Hello there friends. Here’s a few things I read in the last week+ (Week+, the premium, approximately 10-day week that I’m operating on right now):
- Octavio Medellin: Maya Toltec Temples and Carvings, 1938, Google Arts & Culture. This month (9/15-10/15) is Hispanic Heritage Month, and Google Arts & Culture has some seriously cool exhibits of Latinx and Hispanic art! This one caught my eye, a Mexican-American sculptor who studied Mayan ruins. “In 1938, [sculptor and artist] Octavio Medellin spent six months studying the Mayan ruins at Chichén Itzá and Uxmal, located on the Yucatán in Mexico, and documented his travels with 181 black and white photographs that he compiled into a scrapbook entitled Maya – Toltec, Temples and Carvings, 1938. The following images are selections from this scrapbook.” It’s cool to flip through and see how the photographs influenced his later art.
- Ted Lasso’s fantasy, Dirt. If you haven’t watched Ted Lasso, and you don’t mind HBO-rated jokes alongside the ~wholesomeness~, I would highly recommend the show. “I consider The Andy Griffith Show and Ted Lasso both part of a broad category I’d call “moral television”: that is, television that is intended to be morally instructive. The defining sitcom of the following decade, M*A*S*H, was moral television of a different kind– morality through pessimism.” Thought this placement of Ted Lasso in the genealogy of Andy Griffith and MASH was interesting! “The show’s good-guy protagonist, Alan Alda’s Hawkeye Pierce, is in many ways a moral television hero in the tradition of Griffith. He is unerringly decent and kind, with an infallible sense of right and wrong, righteously striking down racism and jingoism at every turn. He delivers sermons on the evils of war that drive home the moral lesson for viewers.” And this sums up part of why I like Ted Lasso: “The show is successful because the premise is twofold: “what if all people were good at the core,” and “what if you could bring that goodness out of them just by being nice.”
- Borderbus, Juan Felipe Herrera. “We are nothing and we come from nothing / but that nothing is everything, if you feed it with love / that is why we will triumph // We are everything hermana / Because we come from everything” This poem is a dialogue between two immigrant sisters, and I’m moved by how the dialogue puts you in the bus with them. As Naomi Shihab Nye says in a similar poem, immigrants “are the bravest people on earth right now, / don’t dare look down on them. Each mind a universe / swirling as many details as yours.”
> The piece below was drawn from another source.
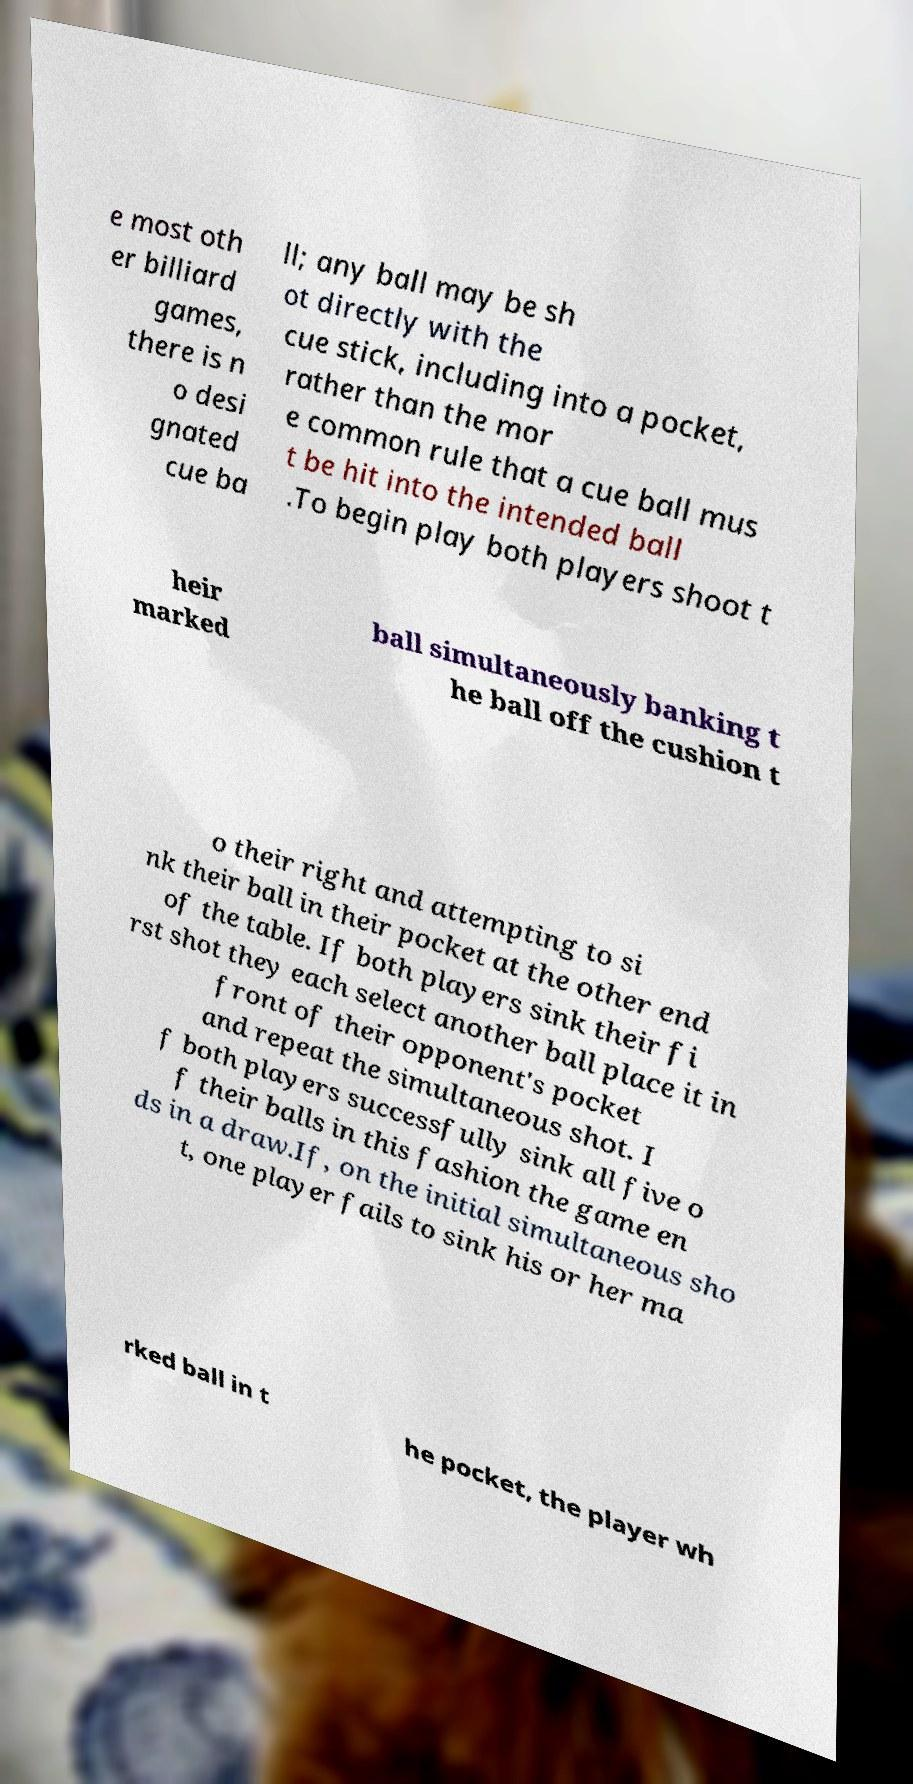Could you assist in decoding the text presented in this image and type it out clearly? e most oth er billiard games, there is n o desi gnated cue ba ll; any ball may be sh ot directly with the cue stick, including into a pocket, rather than the mor e common rule that a cue ball mus t be hit into the intended ball .To begin play both players shoot t heir marked ball simultaneously banking t he ball off the cushion t o their right and attempting to si nk their ball in their pocket at the other end of the table. If both players sink their fi rst shot they each select another ball place it in front of their opponent's pocket and repeat the simultaneous shot. I f both players successfully sink all five o f their balls in this fashion the game en ds in a draw.If, on the initial simultaneous sho t, one player fails to sink his or her ma rked ball in t he pocket, the player wh

- What If People Don’t Want ‘A Career?’, Charlie Warzel. “The author framed her employee’s decision to put boundaries between his work and personal life as a fundamental weakness. She’s not alone. Many in positions of power misinterpret those who strive for a better relationship to work as weak or selfish. I’d argue that what they really want is obedience — or for one worker to do the work of one and half workers without more pay.” WHEW boy reading the recap of that article, I felt heat crawling across my skin. This is well-said: “When you talk to people who reject the modern notion of a career, many of them say the same thing: They crave more balance, less precarity, and better pay. They also, crucially, want to work. But they want to work for places that see them as three-dimensional human beings and that actually invest in them and their futures without expecting workers to sacrifice everything. They want to be a part of organizations that recognize that meaningful and collaborative work can bring dignity and create value but that work is by no means the only way to cultivate satisfaction and self-worth.”
- Drone Photo Awards, 2021. This is, in my opinion, what drones were made for: to give us new perspective and stun us with color. Which photo is your favorite? I love the footprints in this wedding photo, called First Meet, I would hang this piece called No Stress in my home, and I couldn’t stop staring at the details in Bank of Buriganga.